College of Food and Biological Engineering, Xiamen Key Laboratory of Marine Functional Food, Fujian Provincial Engineering Technology Research Center of Marine Functional Food, Jimei University, Xiamen, Fujian 361021, China.
Women and Children's Hospital Affiliated to Xiamen University, Xiamen, Fujian 361003, China.
J Agric Food Chem. 2020 May 6;68(18):5221-5231. doi: 10.1021/acs.jafc.0c01543. Epub 2020 Apr 27.
Oysters are an important shellfish group known to cause food allergy; however, knowledge of their sensitization components and cross-reactivity is limited. This study aimed to identify a novel allergen in and investigate its cross-reactivity. To this end, a 20 kDa protein was purified from oyster and confirmed to be a sarcoplasmic-calcium-binding protein (SCP) by LC-MS/MS. A 537 bp open reading frame was obtained from oyster SCP total RNA, which encoded 179 amino acids, and was expressed in . According to the circular dichroism results, digestion assay, and inhibition ELISA, the recombinant SCP (rSCP) exhibited similar physicochemical properties and IgG-binding activity to native SCP. rSCP displayed stronger IgE-binding activity by immunological method. Moreover, a different intensity of cross-reactivity and sequence homology were demonstrated between shellfish species. Collectively, these findings provide novel insight into shellfish allergens, which can be used to aid in the diagnosis of oyster-sensitized patients.

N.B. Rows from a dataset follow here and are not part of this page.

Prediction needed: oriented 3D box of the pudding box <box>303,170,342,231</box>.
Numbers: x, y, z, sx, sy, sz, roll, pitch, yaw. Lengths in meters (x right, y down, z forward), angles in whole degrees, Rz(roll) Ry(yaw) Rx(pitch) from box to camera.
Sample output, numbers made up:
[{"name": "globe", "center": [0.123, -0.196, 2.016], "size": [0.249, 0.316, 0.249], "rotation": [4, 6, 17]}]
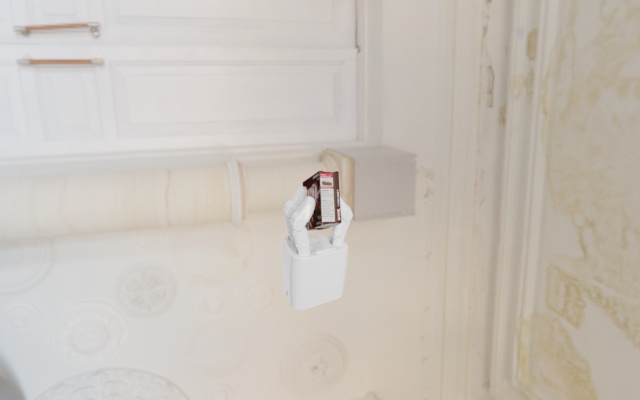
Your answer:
[{"name": "pudding box", "center": [0.000, 0.003, 0.815], "size": [0.039, 0.090, 0.113], "rotation": [-1, -8, -19]}]
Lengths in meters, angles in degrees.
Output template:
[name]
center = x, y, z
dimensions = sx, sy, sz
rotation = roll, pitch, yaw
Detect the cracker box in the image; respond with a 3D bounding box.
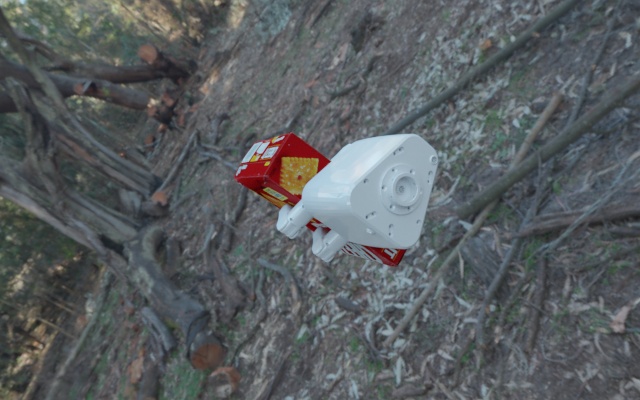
[cracker box]
center = 0.000, 0.002, 0.648
dimensions = 0.214, 0.072, 0.164
rotation = 36, -12, -21
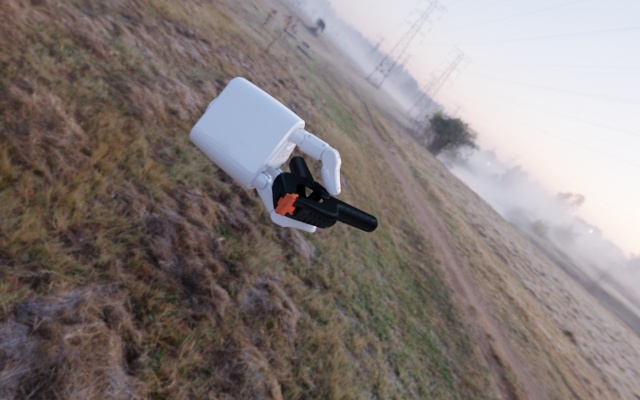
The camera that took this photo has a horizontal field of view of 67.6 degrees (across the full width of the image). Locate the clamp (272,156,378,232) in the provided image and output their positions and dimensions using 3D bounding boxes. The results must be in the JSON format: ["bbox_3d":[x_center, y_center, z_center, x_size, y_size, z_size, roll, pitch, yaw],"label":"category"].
[{"bbox_3d":[0.000,0.001,0.631,0.164,0.036,0.210,37,15,5],"label":"clamp"}]
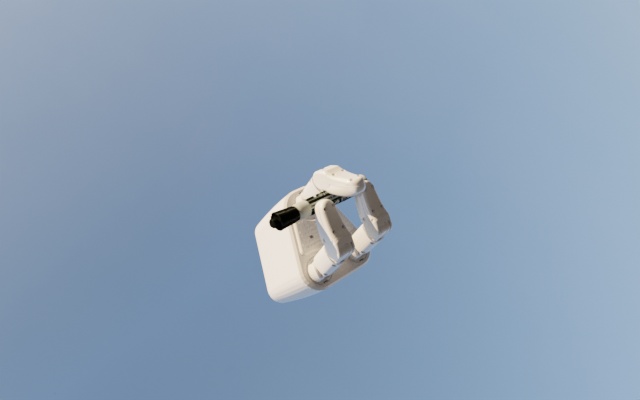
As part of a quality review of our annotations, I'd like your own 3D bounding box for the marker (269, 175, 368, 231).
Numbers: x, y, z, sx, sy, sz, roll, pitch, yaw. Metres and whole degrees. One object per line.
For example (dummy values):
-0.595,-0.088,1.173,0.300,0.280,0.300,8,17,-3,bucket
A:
0.000,0.002,0.474,0.121,0.020,0.020,-25,15,-35,marker
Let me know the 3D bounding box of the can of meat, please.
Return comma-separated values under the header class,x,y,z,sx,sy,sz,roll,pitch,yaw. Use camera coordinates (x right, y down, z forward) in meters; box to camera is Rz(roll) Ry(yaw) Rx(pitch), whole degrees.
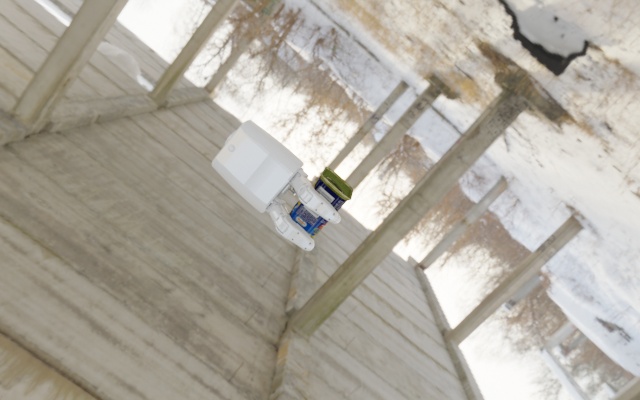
class,x,y,z,sx,sy,sz,roll,pitch,yaw
can of meat,0.000,0.003,0.724,0.057,0.084,0.102,41,13,-3
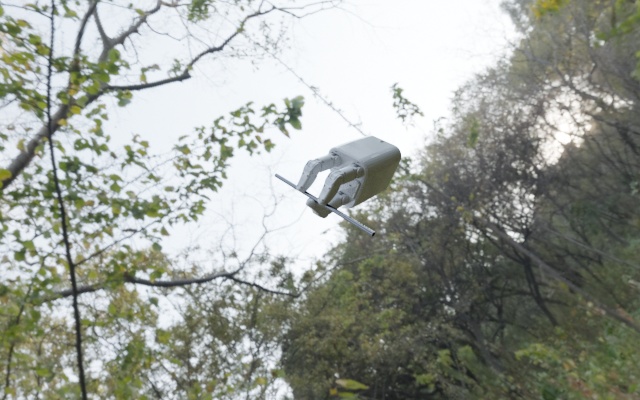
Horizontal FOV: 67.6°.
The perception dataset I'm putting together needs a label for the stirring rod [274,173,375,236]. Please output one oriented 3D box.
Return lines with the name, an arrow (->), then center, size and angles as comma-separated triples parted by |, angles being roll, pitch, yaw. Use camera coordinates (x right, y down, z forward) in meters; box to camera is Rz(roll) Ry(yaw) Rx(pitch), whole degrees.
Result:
stirring rod -> 0.000, 0.003, 0.818 | 0.239, 0.011, 0.011 | 31, 20, 36
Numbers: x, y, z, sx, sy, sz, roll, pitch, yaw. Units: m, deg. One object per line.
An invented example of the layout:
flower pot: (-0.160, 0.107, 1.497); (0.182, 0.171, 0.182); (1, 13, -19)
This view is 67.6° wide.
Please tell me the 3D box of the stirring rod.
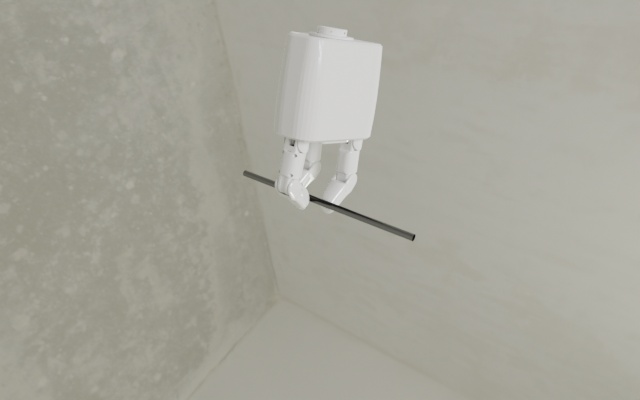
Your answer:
stirring rod: (0.000, 0.002, 0.560); (0.239, 0.011, 0.011); (21, 11, 29)
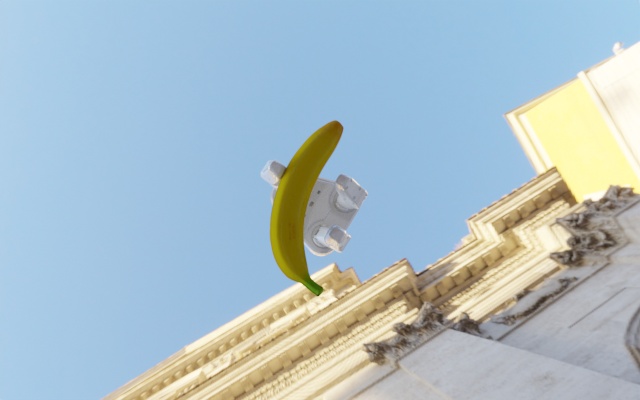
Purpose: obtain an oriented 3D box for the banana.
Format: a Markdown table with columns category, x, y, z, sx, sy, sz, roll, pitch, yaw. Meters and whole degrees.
| category | x | y | z | sx | sy | sz | roll | pitch | yaw |
| --- | --- | --- | --- | --- | --- | --- | --- | --- | --- |
| banana | -0.019 | 0.003 | 0.531 | 0.069 | 0.197 | 0.037 | 6 | -11 | 5 |
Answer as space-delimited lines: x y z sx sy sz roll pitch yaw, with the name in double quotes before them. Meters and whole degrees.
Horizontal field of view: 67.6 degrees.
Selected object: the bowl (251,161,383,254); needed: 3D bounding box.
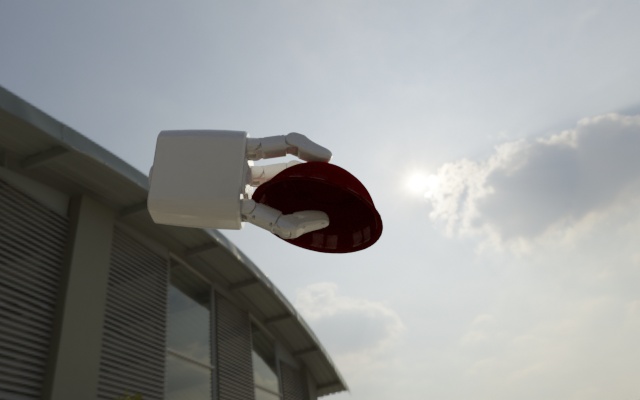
"bowl" 0.001 0.002 0.584 0.162 0.055 0.162 11 -34 7
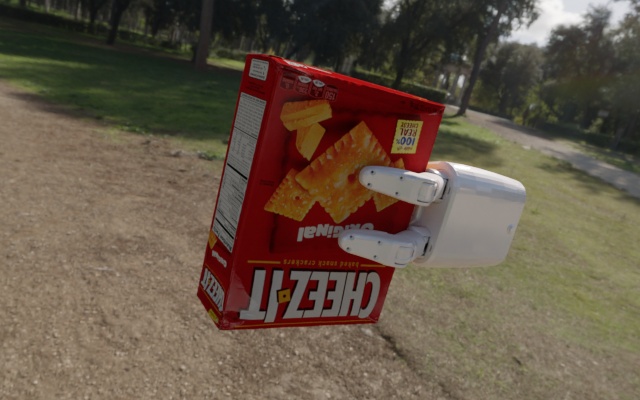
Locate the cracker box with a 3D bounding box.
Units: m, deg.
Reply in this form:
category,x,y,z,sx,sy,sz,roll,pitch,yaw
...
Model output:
category,x,y,z,sx,sy,sz,roll,pitch,yaw
cracker box,0.000,0.001,0.412,0.164,0.214,0.072,7,15,-31
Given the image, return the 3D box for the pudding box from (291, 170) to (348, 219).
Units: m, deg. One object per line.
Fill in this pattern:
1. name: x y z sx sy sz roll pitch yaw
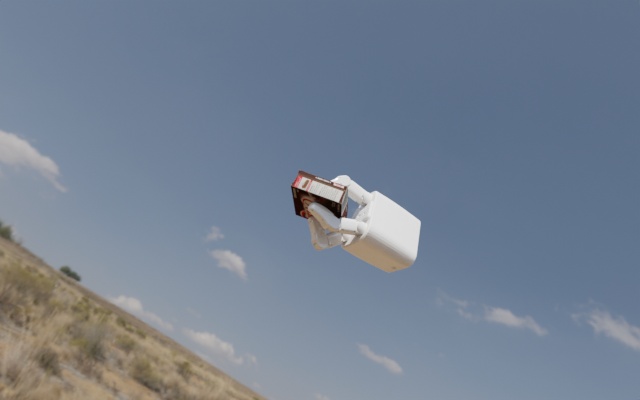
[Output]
1. pudding box: 0.000 0.003 0.814 0.090 0.039 0.114 19 -27 11
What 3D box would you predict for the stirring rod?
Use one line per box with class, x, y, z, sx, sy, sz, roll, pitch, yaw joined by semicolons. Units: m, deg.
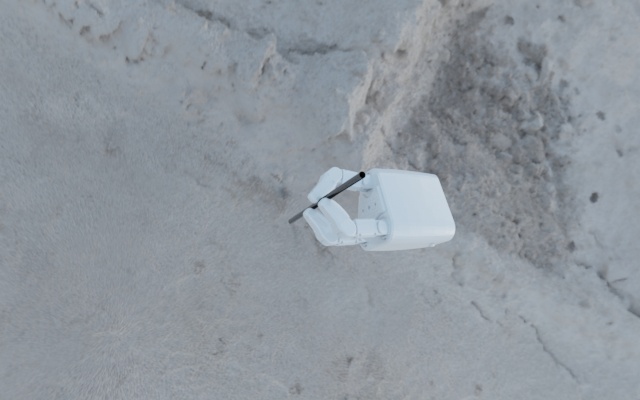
stirring rod;0.000;0.002;0.631;0.011;0.011;0.239;0;-15;-23
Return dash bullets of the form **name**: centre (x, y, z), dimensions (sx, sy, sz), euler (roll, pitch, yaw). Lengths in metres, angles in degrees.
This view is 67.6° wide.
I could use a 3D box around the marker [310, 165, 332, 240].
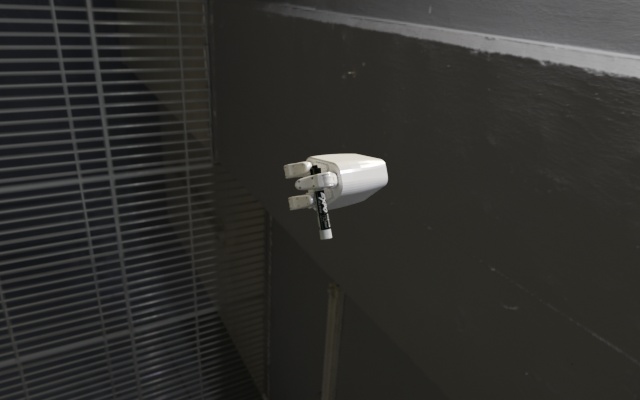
- **marker**: centre (0.000, 0.003, 0.774), dimensions (0.020, 0.121, 0.020), euler (-9, 1, 0)
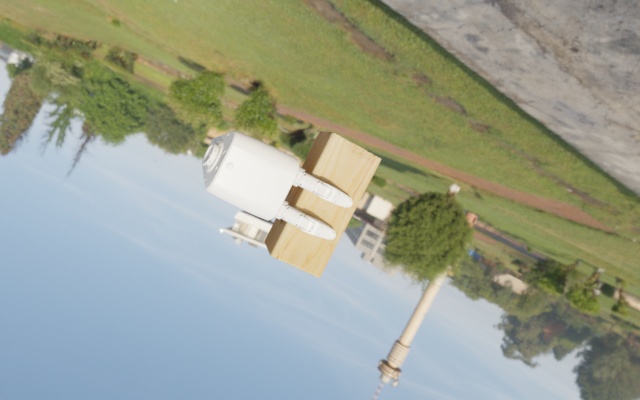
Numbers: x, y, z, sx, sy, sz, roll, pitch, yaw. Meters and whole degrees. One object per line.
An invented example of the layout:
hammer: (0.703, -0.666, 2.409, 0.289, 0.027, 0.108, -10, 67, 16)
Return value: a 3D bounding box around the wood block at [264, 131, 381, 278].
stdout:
wood block: (0.000, 0.002, 0.759, 0.090, 0.206, 0.091, 26, 3, -16)
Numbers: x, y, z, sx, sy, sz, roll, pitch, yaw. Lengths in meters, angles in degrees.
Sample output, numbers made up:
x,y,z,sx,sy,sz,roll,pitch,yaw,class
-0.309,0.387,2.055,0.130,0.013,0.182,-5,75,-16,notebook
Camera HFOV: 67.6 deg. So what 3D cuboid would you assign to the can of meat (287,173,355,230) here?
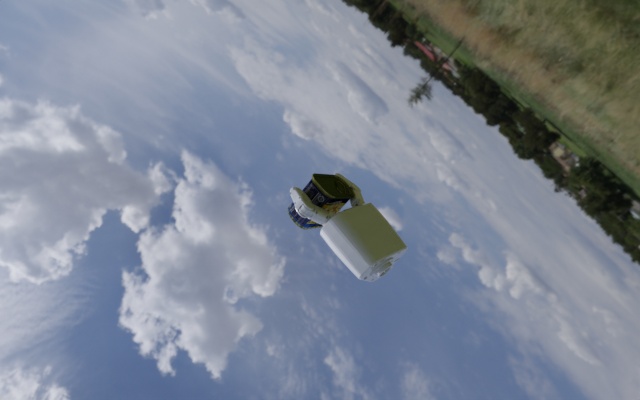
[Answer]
x,y,z,sx,sy,sz,roll,pitch,yaw,class
0.000,0.003,0.841,0.084,0.057,0.102,-50,-23,22,can of meat
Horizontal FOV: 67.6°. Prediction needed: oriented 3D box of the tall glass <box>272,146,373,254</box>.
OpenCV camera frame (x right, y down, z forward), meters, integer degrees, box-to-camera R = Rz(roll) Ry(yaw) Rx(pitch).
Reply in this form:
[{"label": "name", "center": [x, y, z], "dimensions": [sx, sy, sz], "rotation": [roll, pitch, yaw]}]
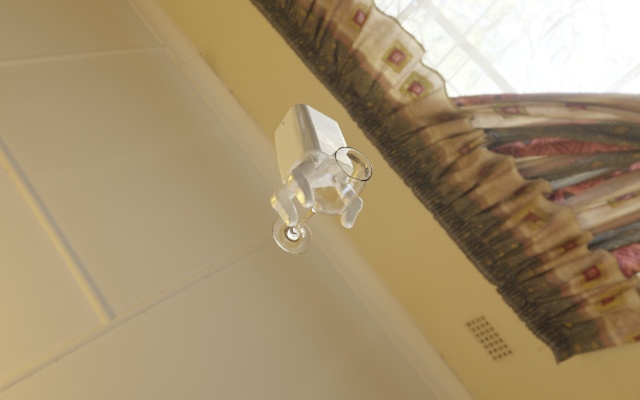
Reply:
[{"label": "tall glass", "center": [0.000, 0.003, 0.739], "dimensions": [0.079, 0.079, 0.201], "rotation": [0, -33, -35]}]

牡蛎是一种重要的贝类,已知会引起食物过敏;然而,其致敏成分和交叉反应性的知识有限。本研究旨在鉴定一种新型贝类过敏原,并研究其交叉反应性。为此,从牡蛎中纯化了一种 20 kDa 的蛋白,并通过 LC-MS/MS 确认为肌浆钙结合蛋白 (SCP)。从牡蛎 SCP 总 RNA 中获得了一个 537 bp 的开放阅读框,编码 179 个氨基酸,并在 中表达。根据圆二色性结果、消化实验和抑制 ELISA,重组 SCP (rSCP) 表现出与天然 SCP 相似的理化性质和 IgG 结合活性。免疫学法显示 rSCP 具有更强的 IgE 结合活性。此外,贝类物种之间表现出不同强度的交叉反应性和序列同源性。总之,这些发现为贝类过敏原提供了新的见解,可用于辅助诊断对牡蛎敏感的患者。